Pascual Perez

Pascual prowls the mound like a restless hyena. Every pitch is accompanied by a flurry of gestures, grimaces and moans. “He looks like he’s pitching at the end of a rubber band,” says Joe Torre, who managed Pascual from 1982 to ’84 with the Atlanta Braves.

Pascual wears enough gold to buy Trinidad and Tobago and flashes the sly half smile of a kid in a pet store who has just set all the puppies free. But he can also be mercurial—bored one moment, expansive the next. “Anybody know nothing about Pascual,” says his old friend Felix Becena. “He’s inpredictable.”

After nearly being decapitated by a line drive last August at Wrigley Field, Mr. Inpredictability threw a pitch into the Cubs dugout. “I don’t do nothing in particular on purpose,” he said afterward. Yet two weeks later, while batting against the Dodgers, he purposely ignored three straight bunt signs and struck out swinging. “I was rockin’ and rollin’,” he explained.

Franz Lidz, Sports Illustrated, Jan. 8, 1990.

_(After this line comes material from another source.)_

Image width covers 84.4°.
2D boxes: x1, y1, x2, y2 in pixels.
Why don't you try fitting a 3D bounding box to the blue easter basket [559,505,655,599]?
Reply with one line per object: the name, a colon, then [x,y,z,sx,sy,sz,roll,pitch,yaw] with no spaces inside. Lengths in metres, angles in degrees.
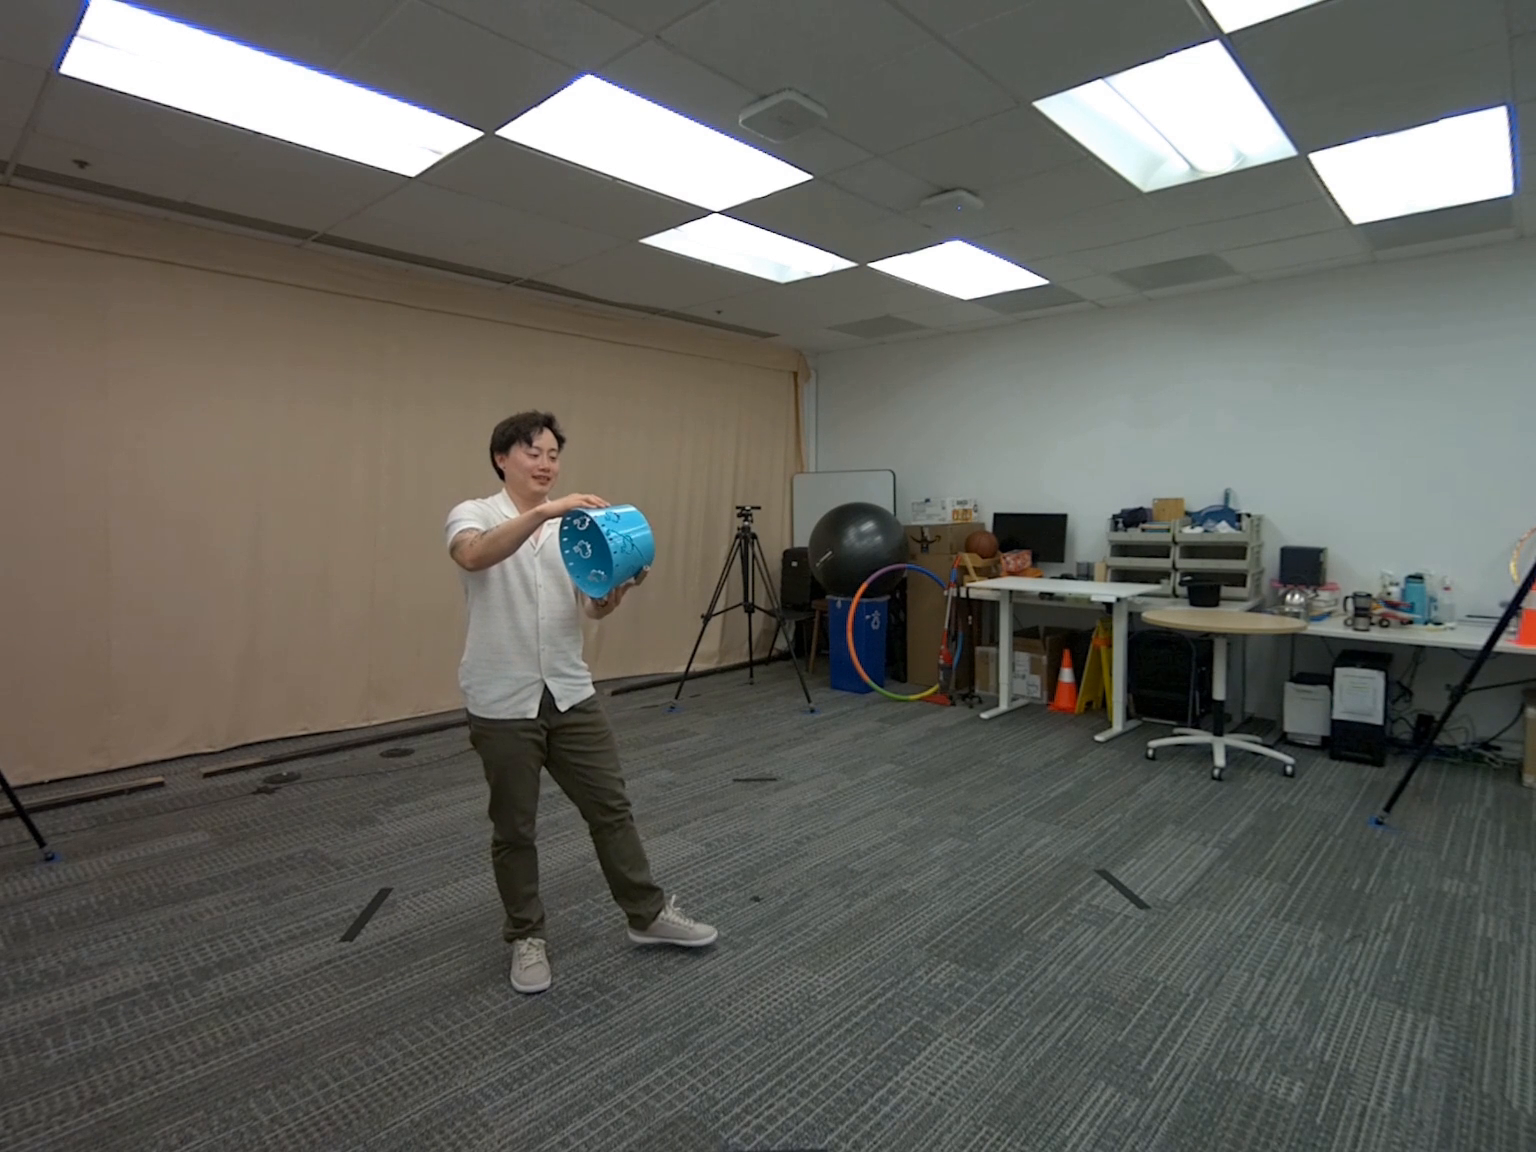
blue easter basket: [-0.403,-0.071,2.149,0.152,0.241,0.252,-21,17,-41]

Awful news this morning about former Brave, Expo and Yankee jheri-curl hero Pascual Perez, one of the most entertaining baseball players I’ve ever had the pleasure to watch. With a flamboyant windup and demeanor, and a propensity for throwing eephus pitches and attempting pickoffs between his legs, Perez was easily among the non-Mets most frequently imitated in Wiffleball games among my friends when we were kids.